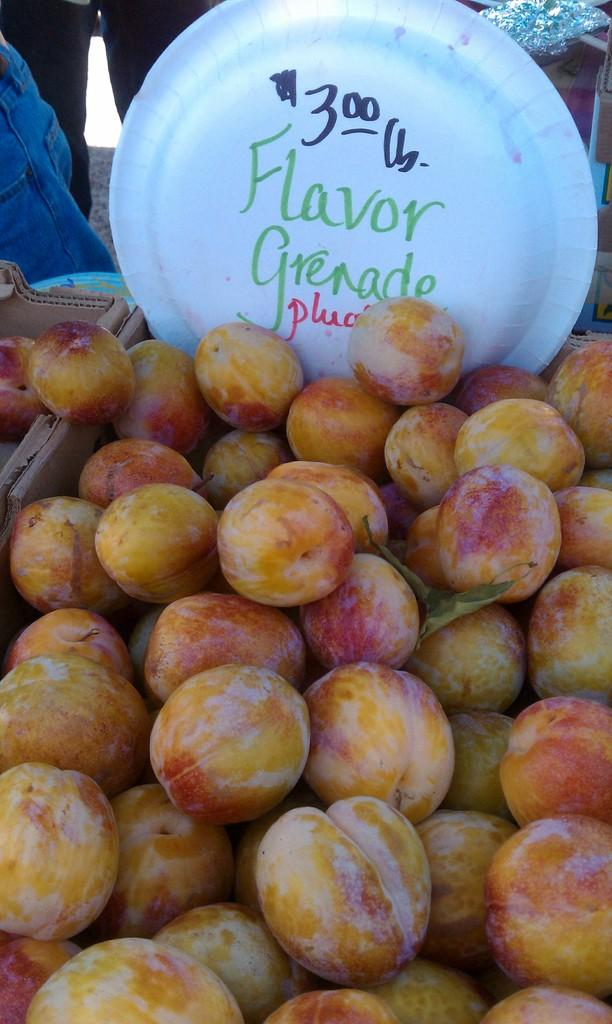What is inside the boxes in the image? There are fruits in the boxes. What is on the white plate in the image? There is a white color plate with text on it. Can you describe anything about the person in the image? Legs of a person are visible in the background of the image. What type of payment is being made by the governor in the image? There is no governor or payment present in the image. What role does the porter play in the image? There is no porter present in the image. 
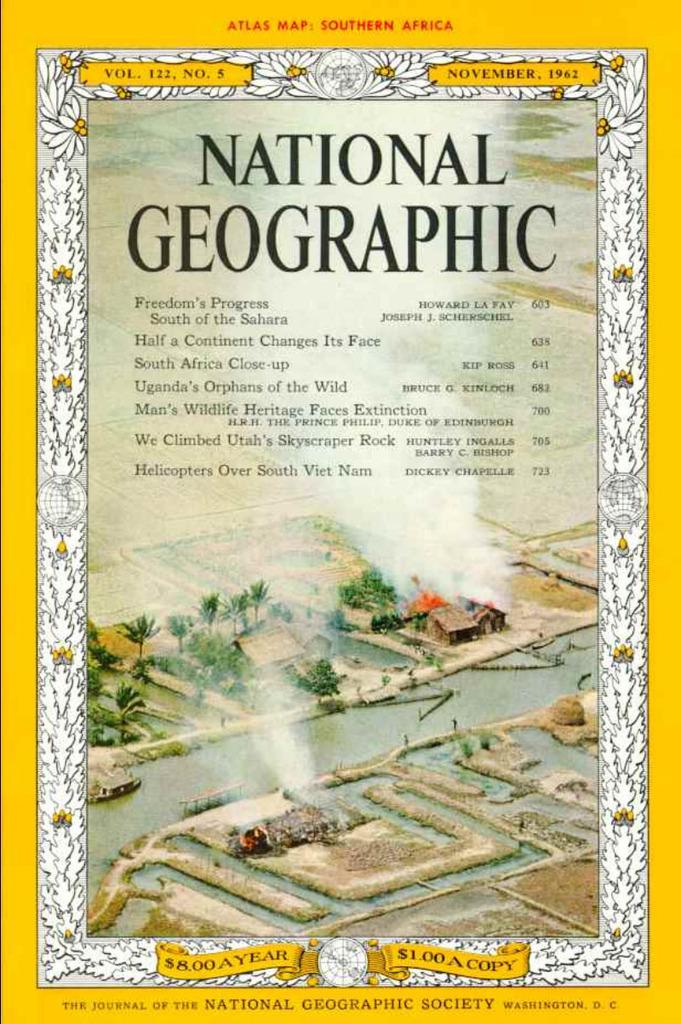How much is a copy of this national geographic?
Give a very brief answer. $1.00. What is the name of the book?
Offer a very short reply. National geographic. 
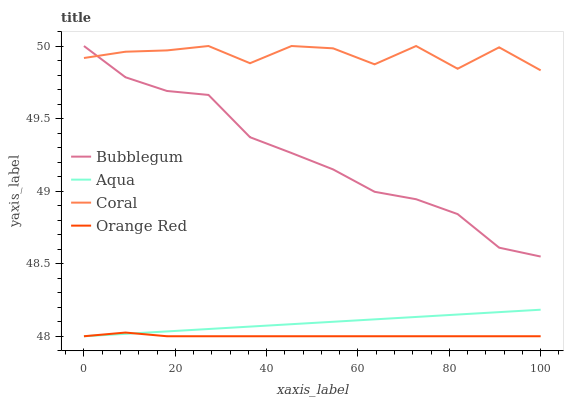Does Orange Red have the minimum area under the curve?
Answer yes or no. Yes. Does Coral have the maximum area under the curve?
Answer yes or no. Yes. Does Aqua have the minimum area under the curve?
Answer yes or no. No. Does Aqua have the maximum area under the curve?
Answer yes or no. No. Is Aqua the smoothest?
Answer yes or no. Yes. Is Coral the roughest?
Answer yes or no. Yes. Is Orange Red the smoothest?
Answer yes or no. No. Is Orange Red the roughest?
Answer yes or no. No. Does Bubblegum have the lowest value?
Answer yes or no. No. Does Aqua have the highest value?
Answer yes or no. No. Is Aqua less than Coral?
Answer yes or no. Yes. Is Coral greater than Aqua?
Answer yes or no. Yes. Does Aqua intersect Coral?
Answer yes or no. No.

******************************

> [Exercise goal]
Report how many lines of the data above hold the string "maximum". Nothing else belongs in the answer.

> [Written response]
2